Indeed, this was not the first time Sikorski had so criticised New Delhi. In Paris earlier this month the Polish Minister had expressed satisfaction on India reducing oil imports from Russia “because this is financing the war machine of Putin.”
Of course, India does need to be sensitive to feelings in Poland, which is a neighbour of Ukraine. It is a country that was invaded by Russia many times and colonised. It saw a great deal of war and turmoil and was repeatedly partitioned, and it was only after the Soviet collapse in 1991 that it emerged as a democratic country.
It hosts a large number of Ukrainian refugees and is the logistical base through which Europe provides assistance to the country.
Given these circumstances, Poland feels that a Russian victory in Ukraine would make it the next target of a revanchist Russia. But Sikorski’s complaint that India had taken part in the 4-day Zapad exercises in Belorussia and Poland found that “threatening” is somewhat strange. The 4-day exercise last September, involved just 13,000 personnel, had American observers along with others from NATO. To call such an exercise “threatening” was clearly over-the-top.

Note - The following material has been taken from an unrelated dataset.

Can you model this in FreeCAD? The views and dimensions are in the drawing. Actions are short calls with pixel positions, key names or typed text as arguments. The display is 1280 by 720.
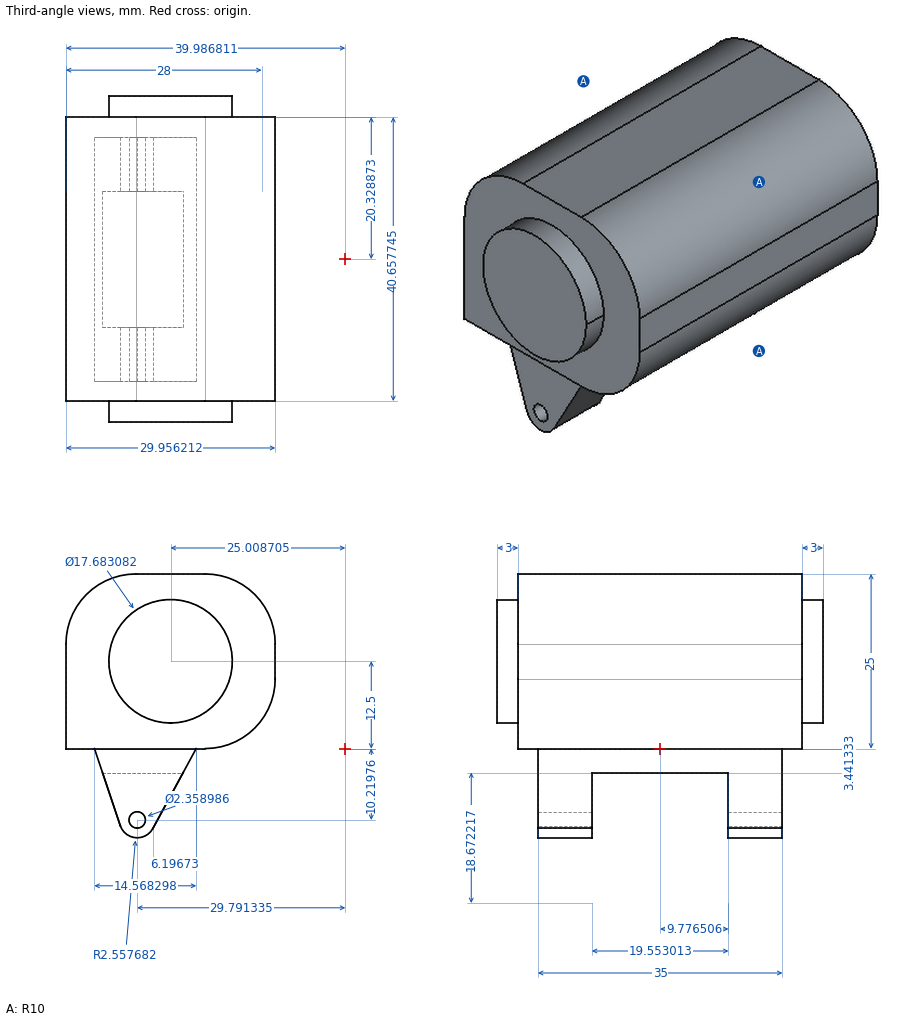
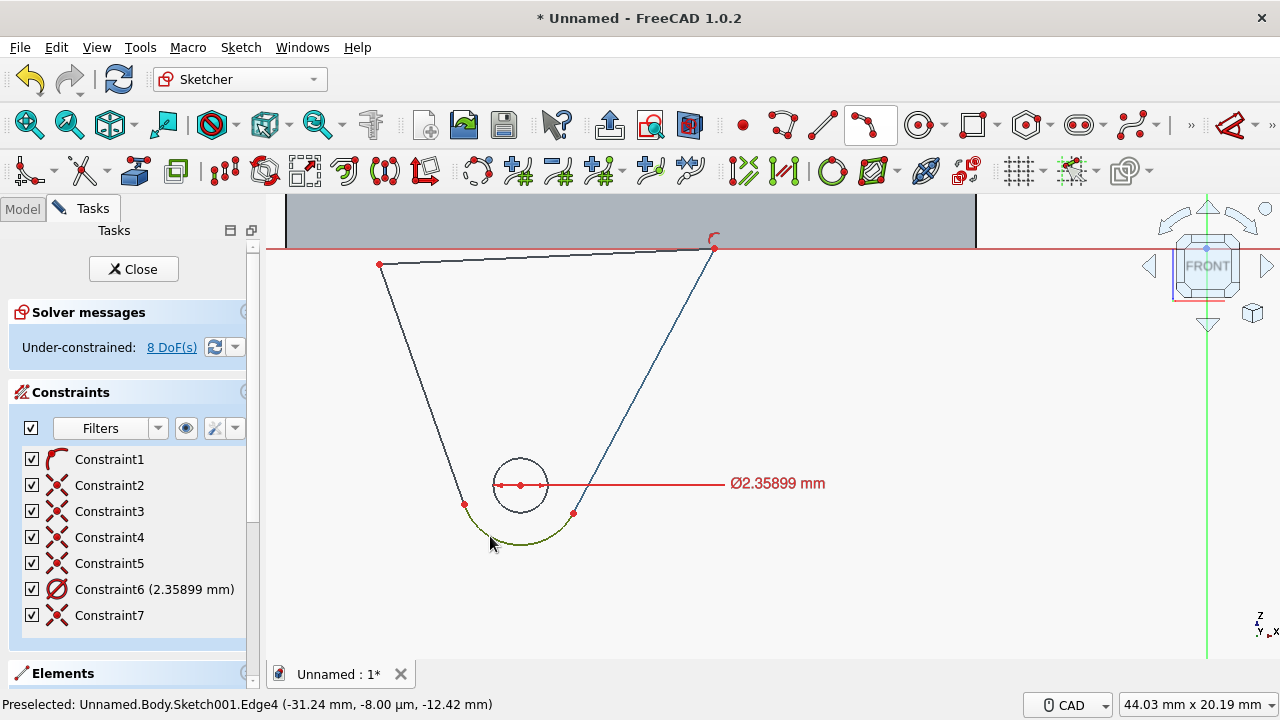
key(t)

Poland is an important Central European country with strong economic prospects driven by robust domestic demand, rising wages and substantial EU funds for investment, with growth pegged at 3.5 percent in 2025-26. It is emerging as a major EU country with the capacity to influence the discussions within the grouping. It became the 20th largest economy in the world in 2025. As Jaishankar pointed out, India’s trade with Poland has increased 200 percent in the past decade, and it is India’s largest trade partner in central Europe.
But it does suffer from considerable geopolitical risk from a potential Russian attack because of its location and staunch support for Ukraine. It is one of the largest spenders on defence within the EU (4.2 percent of its GDP in 2024 and expected to be 4.7 in 2025). Another major problem with Poland is that it is undergoing considerable domestic political turmoil.

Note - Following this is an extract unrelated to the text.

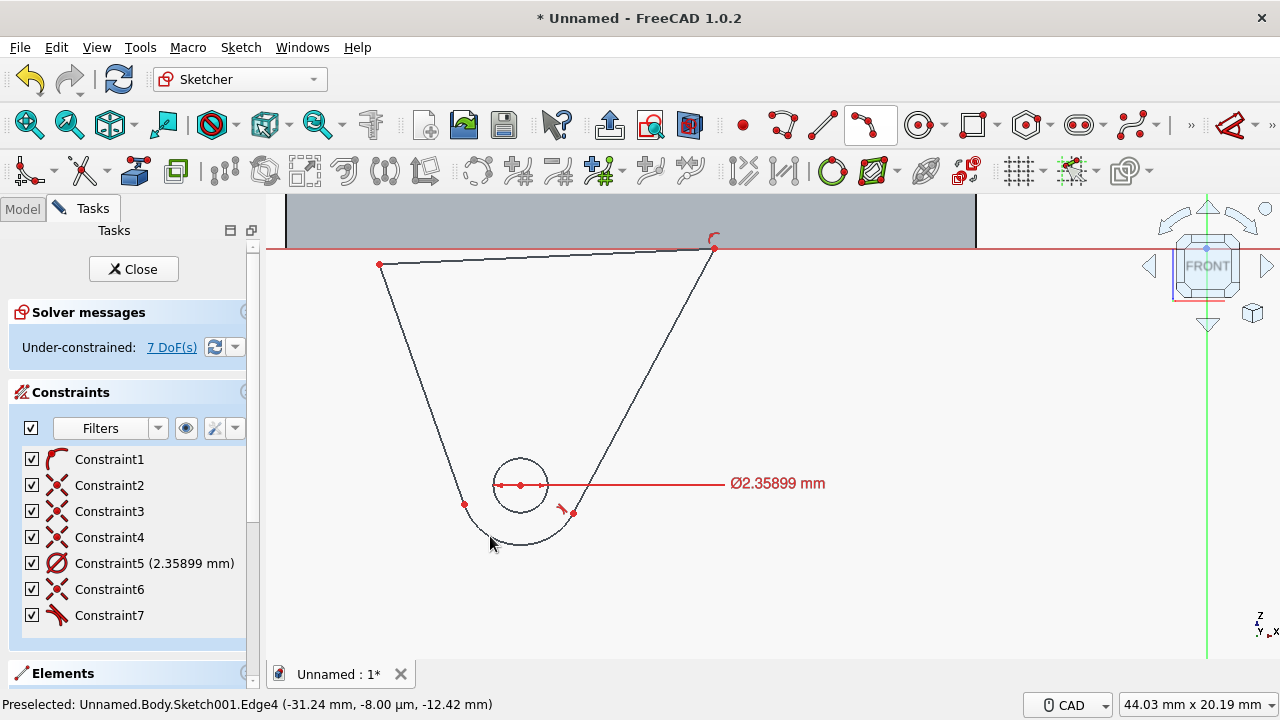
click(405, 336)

The visit and India’s need to draw its red lines, should also be seen in the context of the visit later this month of other high level European leaders including Chancellor of Germany, France’s national security adviser as well as the fact that two of the top-level EU officers — EU Council President Ursula von der Leyen and EU Council President Antonia Costa — will be the chief guests at the Republic Day parade.
The the two sides are likely to sign, in the words of von der Leyen, “the mother of all deals”, an Indo-EU Free Trade Agreement. This deal will cement the India-EU partnership in an era when their respective ties with the US are fraying.
(The writer is a Distinguished Fellow, Observer Research Foundation, New Delhi. This is an opinion piece and all views expressed are the author's own. The Quint does not endorse or is responsible for it in any way.)